The philosopher Theodor Adorno speaks about the notion of silence as an absolute expression of permanence. The silence that followed the Shoah was not a statement of emptiness and nothingness but rather an expression of everything. Historically, the silence of the survivors was mistaken for an inability to speak or express, but according to Adorno, it was an affirmative statement of the fullness of expression through its absence. We often think that language can express everything, that if only we 'talk,' everything will be okay. However when  we recognize the magnitude of the language that silence speaks. Many of the survivors of 07/10 have remained silent about their experiences, not only due to the immense trauma they endured but also because articulating such an incomprehensible ordeal in words diminishes its gravity, reducing its ineffability to the limits of organized language.

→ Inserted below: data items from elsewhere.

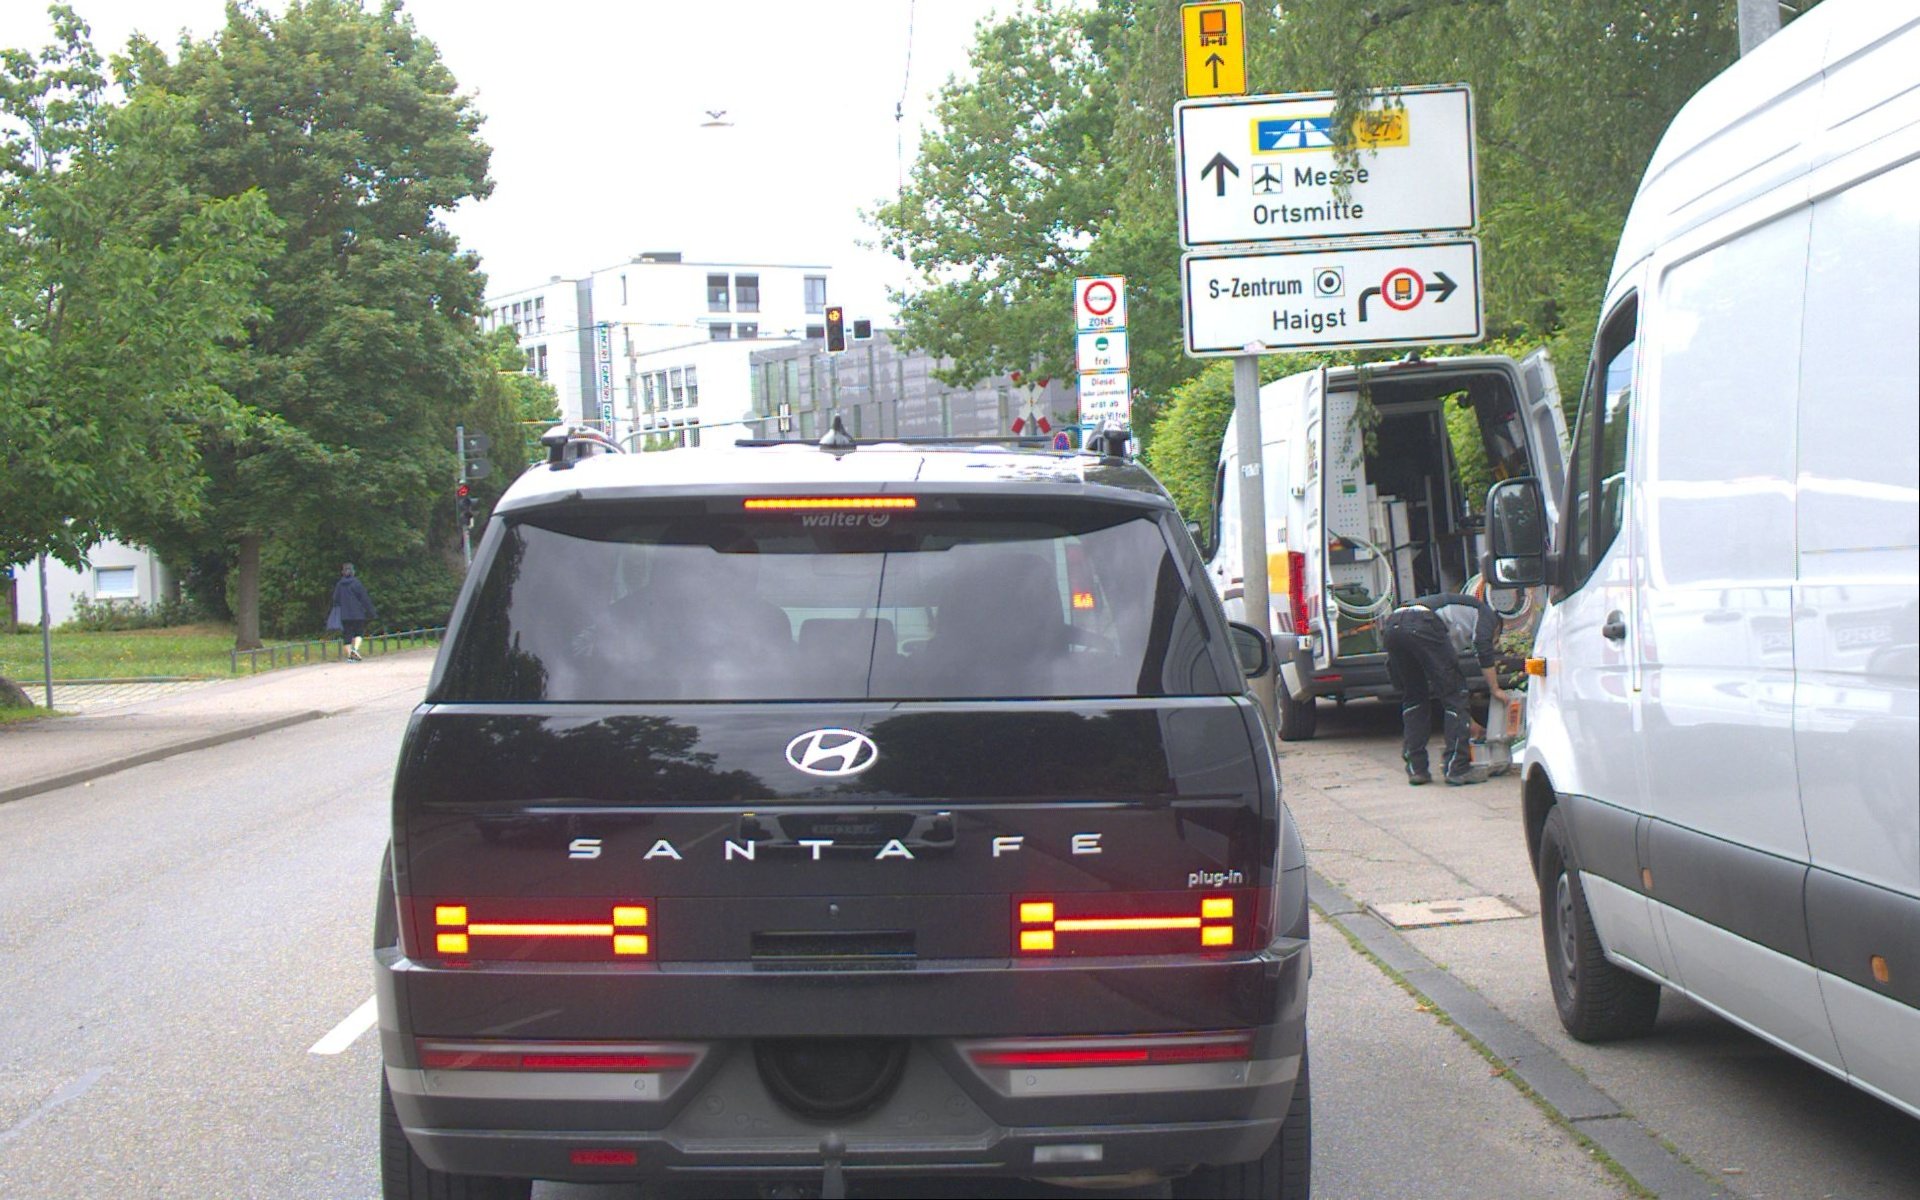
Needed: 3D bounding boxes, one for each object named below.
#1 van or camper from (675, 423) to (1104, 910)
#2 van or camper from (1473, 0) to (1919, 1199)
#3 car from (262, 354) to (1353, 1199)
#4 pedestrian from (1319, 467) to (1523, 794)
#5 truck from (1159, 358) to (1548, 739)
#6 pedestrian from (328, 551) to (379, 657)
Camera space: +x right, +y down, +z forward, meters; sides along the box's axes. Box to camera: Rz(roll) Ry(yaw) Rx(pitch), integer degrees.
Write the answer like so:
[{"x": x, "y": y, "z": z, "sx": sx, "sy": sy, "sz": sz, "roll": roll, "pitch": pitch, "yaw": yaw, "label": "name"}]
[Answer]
[{"x": -0.319, "y": 0.250, "z": 16.543, "sx": 1.754, "sy": 2.007, "sz": 4.000, "roll": -2, "pitch": 1, "yaw": -1, "label": "van or camper"}, {"x": 2.629, "y": -0.063, "z": 7.187, "sx": 1.993, "sy": 2.611, "sz": 6.541, "roll": -2, "pitch": 1, "yaw": -1, "label": "van or camper"}, {"x": -0.284, "y": 0.451, "z": 7.980, "sx": 1.889, "sy": 1.813, "sz": 4.000, "roll": 0, "pitch": 1, "yaw": -1, "label": "car"}, {"x": 2.607, "y": 0.158, "z": 19.413, "sx": 0.759, "sy": 1.791, "sz": 0.871, "roll": -1, "pitch": 1, "yaw": 38, "label": "pedestrian"}, {"x": 2.900, "y": -0.380, "z": 26.588, "sx": 1.942, "sy": 2.553, "sz": 5.217, "roll": -3, "pitch": 1, "yaw": -4, "label": "truck"}, {"x": -9.983, "y": 0.056, "z": 56.634, "sx": 0.738, "sy": 1.709, "sz": 0.793, "roll": -2, "pitch": 1, "yaw": -7, "label": "pedestrian"}]
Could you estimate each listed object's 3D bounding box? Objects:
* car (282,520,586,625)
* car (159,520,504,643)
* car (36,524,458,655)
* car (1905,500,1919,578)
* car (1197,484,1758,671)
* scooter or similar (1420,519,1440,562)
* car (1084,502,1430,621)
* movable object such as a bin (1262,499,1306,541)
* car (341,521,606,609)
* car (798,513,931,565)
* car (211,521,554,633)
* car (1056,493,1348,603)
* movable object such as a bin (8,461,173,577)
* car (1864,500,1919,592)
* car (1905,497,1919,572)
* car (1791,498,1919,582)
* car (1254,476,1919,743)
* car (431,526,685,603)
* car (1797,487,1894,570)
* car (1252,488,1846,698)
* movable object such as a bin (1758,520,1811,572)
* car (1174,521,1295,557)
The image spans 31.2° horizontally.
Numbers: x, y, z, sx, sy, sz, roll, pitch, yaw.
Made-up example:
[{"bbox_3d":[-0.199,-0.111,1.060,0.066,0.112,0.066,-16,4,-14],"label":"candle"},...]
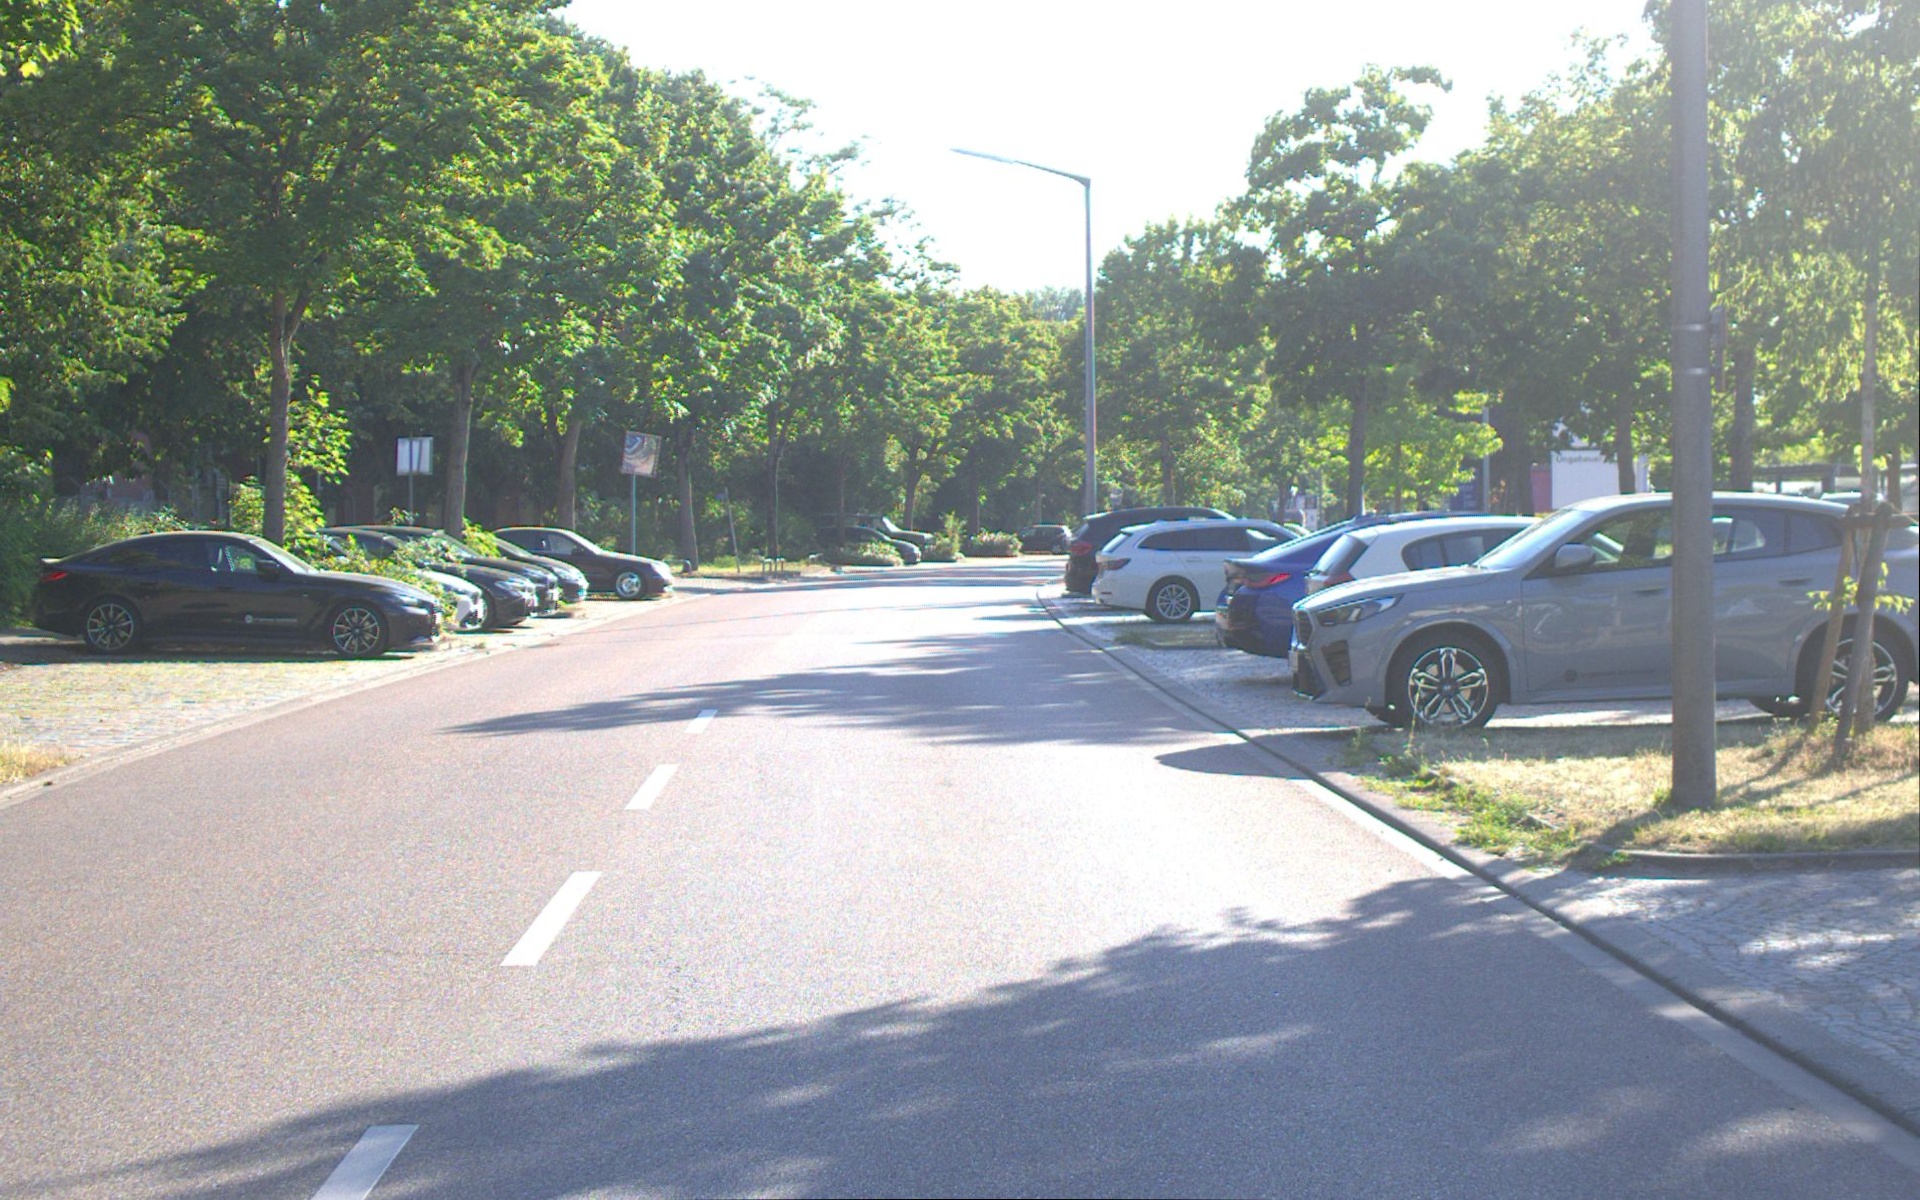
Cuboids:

For silence to be meaningful, we must first understand the power of speech. Language organizes the chaos of our minds into a rational system that can be universally understood. Once we know the role of language and its organizing principles, silence represents its opposite: chaos, ineffable turmoil, and the inexpressible. Elie Wiesel poignantly states, "In the beginning there was silence – no words. The word itself is a breaking out. The word itself is an act of violence; it breaks the silence." Sometimes, words can violate the very notion they come to express.


In challenging times, words often fail to capture the complexities of our emotions. Silence, though sometimes mistaken for impoliteness, can be the easiest option. The profundity of silent communication is evident in a couple who, after many years together, communicate through a look or a silent expression.


In Today's world silence had become a rare commodity as our minds are hijacked by the cacophony of inaudible soundbites. Relationships are defined in the pictures we post rather than in the sustained act of listening to the other and truly ‘seeing’ them.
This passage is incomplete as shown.